Bunlar efendim otururlar forumlarda,sosyal ağlarda,sözlüklerde en güçlü biziz alayınızı sikeriz havasındadırlar.hiç bir ne partiyle ne örgütle ne dernekle bağlantıları yoktur.kuru nara atarlar görmek için aynaya bakabilirsiniz.
(bkz: ayna)
kurtarma ve savunma; kelimelerinin farklı anlamlar taşıdığını bilmeyen, mercimek beyinliler tarafından sıkça kullanılan bir cümledir.
vatanı 'klavye' ile böleceğini zannedenlere karşı gelişmiş bir reflekstir.
bir yazarın en büyük silahı; kalem, klavye, daktilo, yazı yazabildiği her neyse odur. ne yapmamızı bekliyorsunuz? elimize geçen; kesici, delici, yakıcı, yıkıcı, ne varsa alıp sokaklara mı dökülelim? şu aşamada yapabileceğimiz en iyi şey yazmaktır.
bir gün! vatan kurtarılmak durumuna düşerse, bu durumda ne yapacağımızı hepimiz çok iyi biliyoruz. çünkü biz varlığını savaşarak kazanmış ve savaşarak devam ettirmiş asil bir milletin evlatlarıyız.

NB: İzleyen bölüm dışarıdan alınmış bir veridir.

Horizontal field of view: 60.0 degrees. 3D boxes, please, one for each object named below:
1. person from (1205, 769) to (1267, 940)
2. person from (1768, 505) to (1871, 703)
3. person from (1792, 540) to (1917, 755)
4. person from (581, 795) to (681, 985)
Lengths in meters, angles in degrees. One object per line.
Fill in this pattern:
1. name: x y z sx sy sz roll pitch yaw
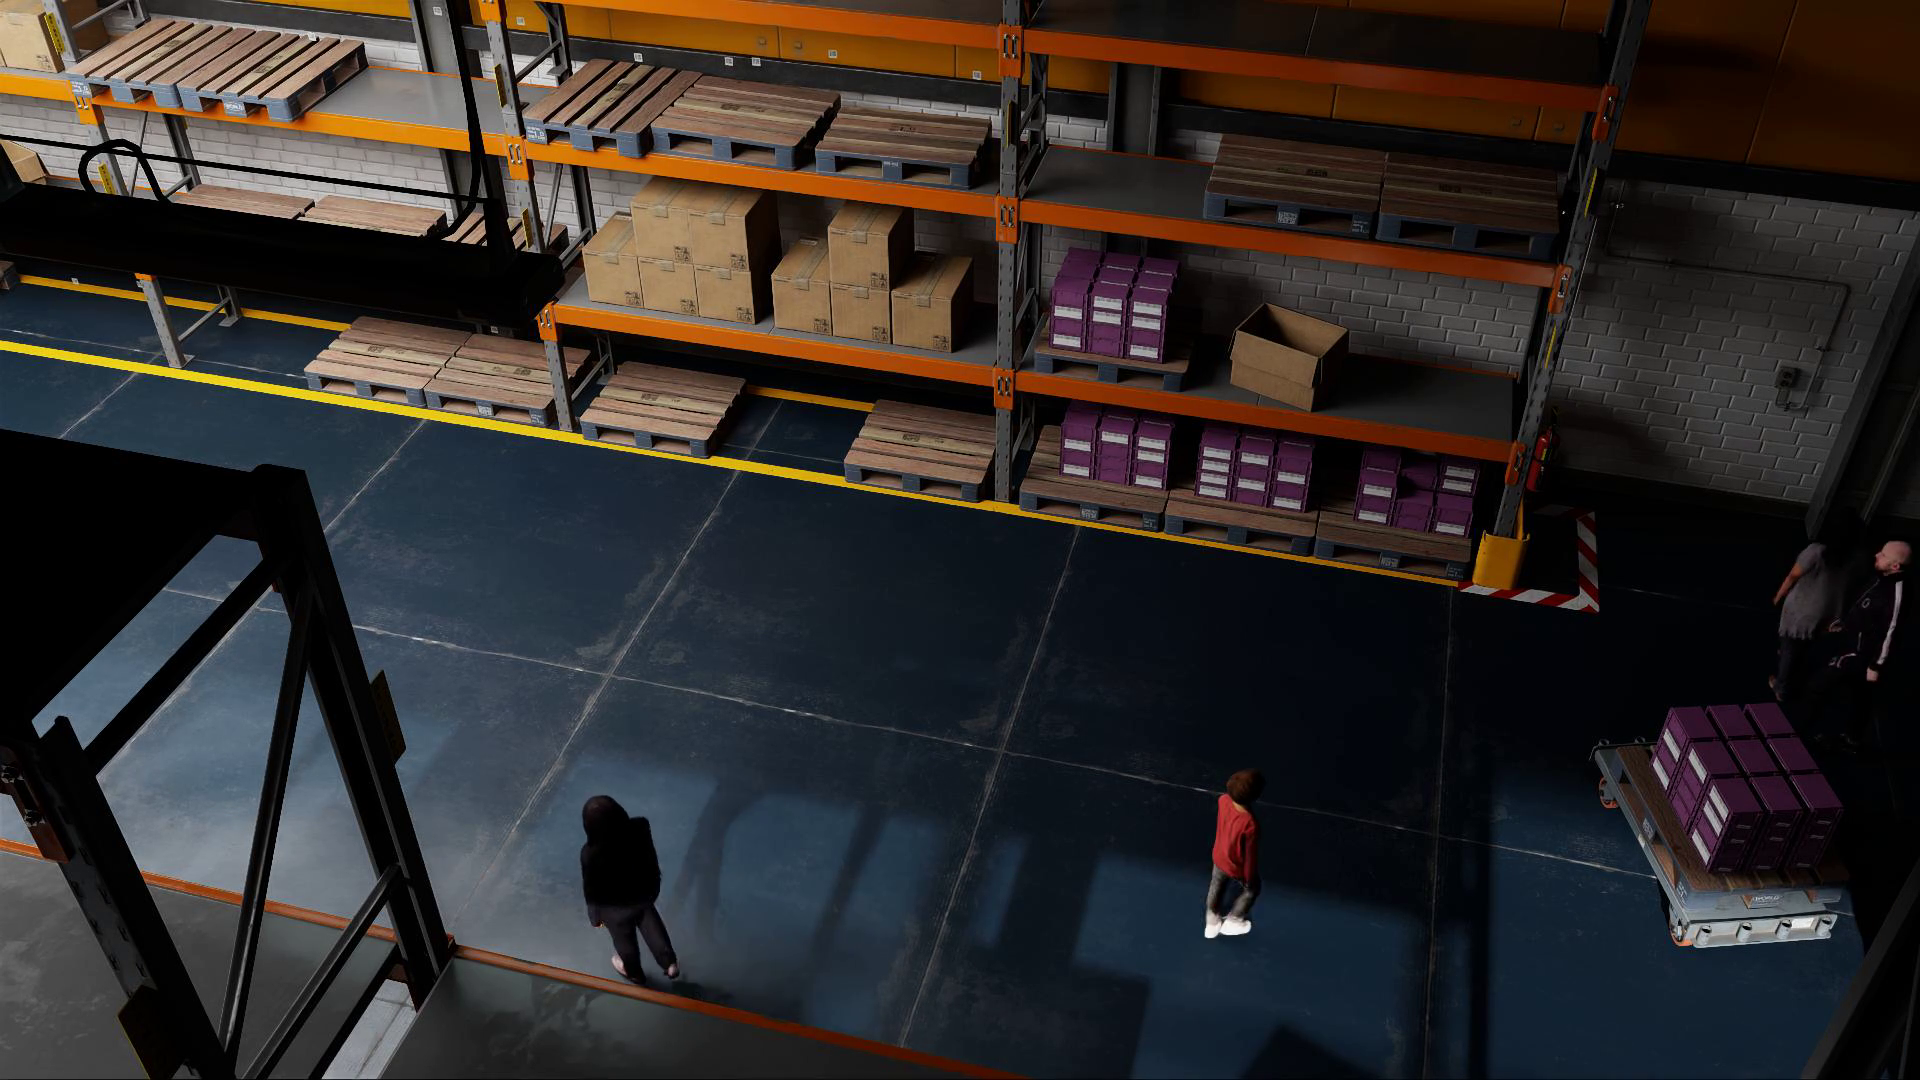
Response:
1. person: 1.608 1.943 10.036 0.687 1.411 0.616 -24 44 -27
2. person: 6.044 0.496 11.702 0.807 1.594 0.808 0 39 0
3. person: 6.181 0.775 11.177 0.942 1.813 0.767 18 42 21
4. person: -1.896 2.094 9.693 0.889 1.604 0.821 28 47 31
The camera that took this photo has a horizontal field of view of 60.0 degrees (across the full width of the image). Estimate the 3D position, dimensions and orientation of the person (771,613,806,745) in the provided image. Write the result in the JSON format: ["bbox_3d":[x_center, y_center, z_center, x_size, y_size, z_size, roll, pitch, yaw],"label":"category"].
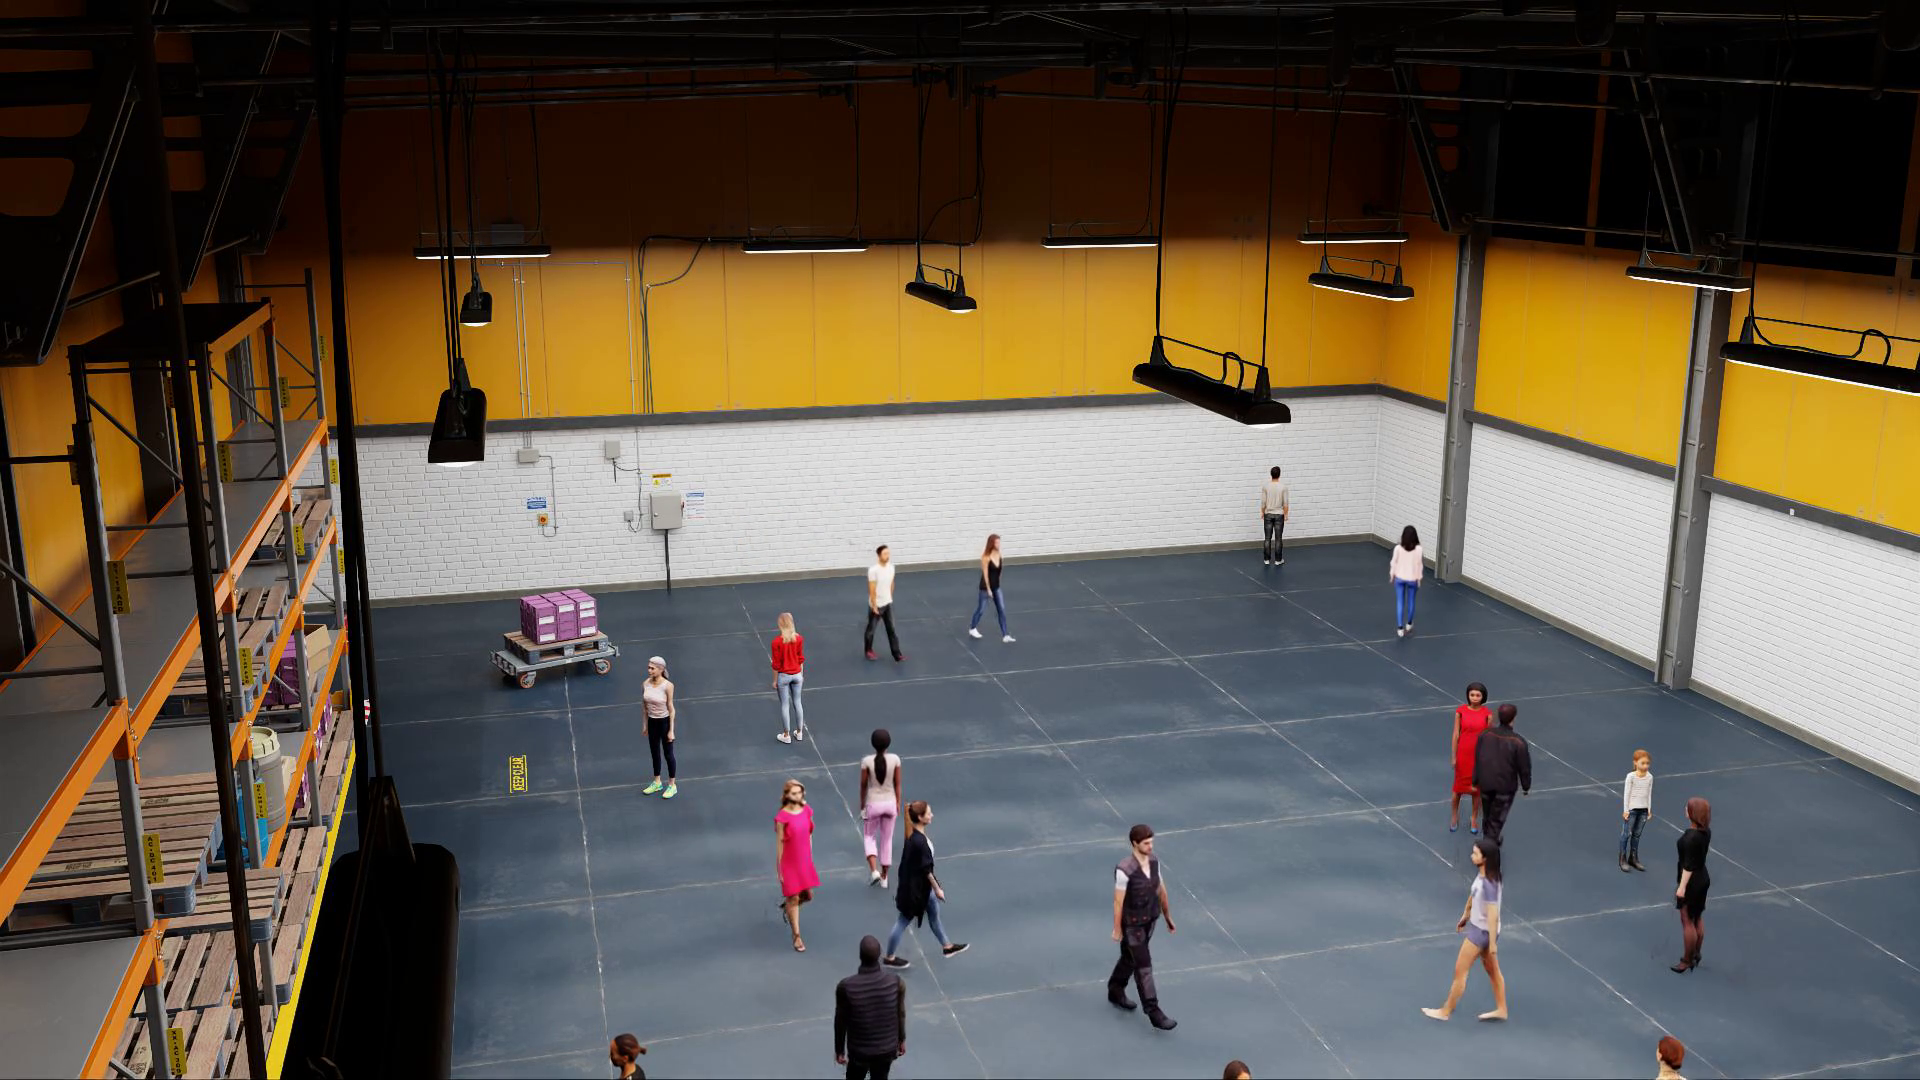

herkes atıp tutar oturduğu yerden. ama birine gel bir şırnağa gidelim hakkariye gidelim desen ne işim var orda der. ama oturduğu yerden de ahkam kesmeyi ihmal etmez. bence her insanın en azından 1 yıl doğuda hayatını geçirmesi gerekir ki ondan sonra asıl türkiye nasıl bir yermiş nasıl yaşamlar varmış nasıl bir mücadele içindeymişiz ve neler yapılabilirmiş görsünler.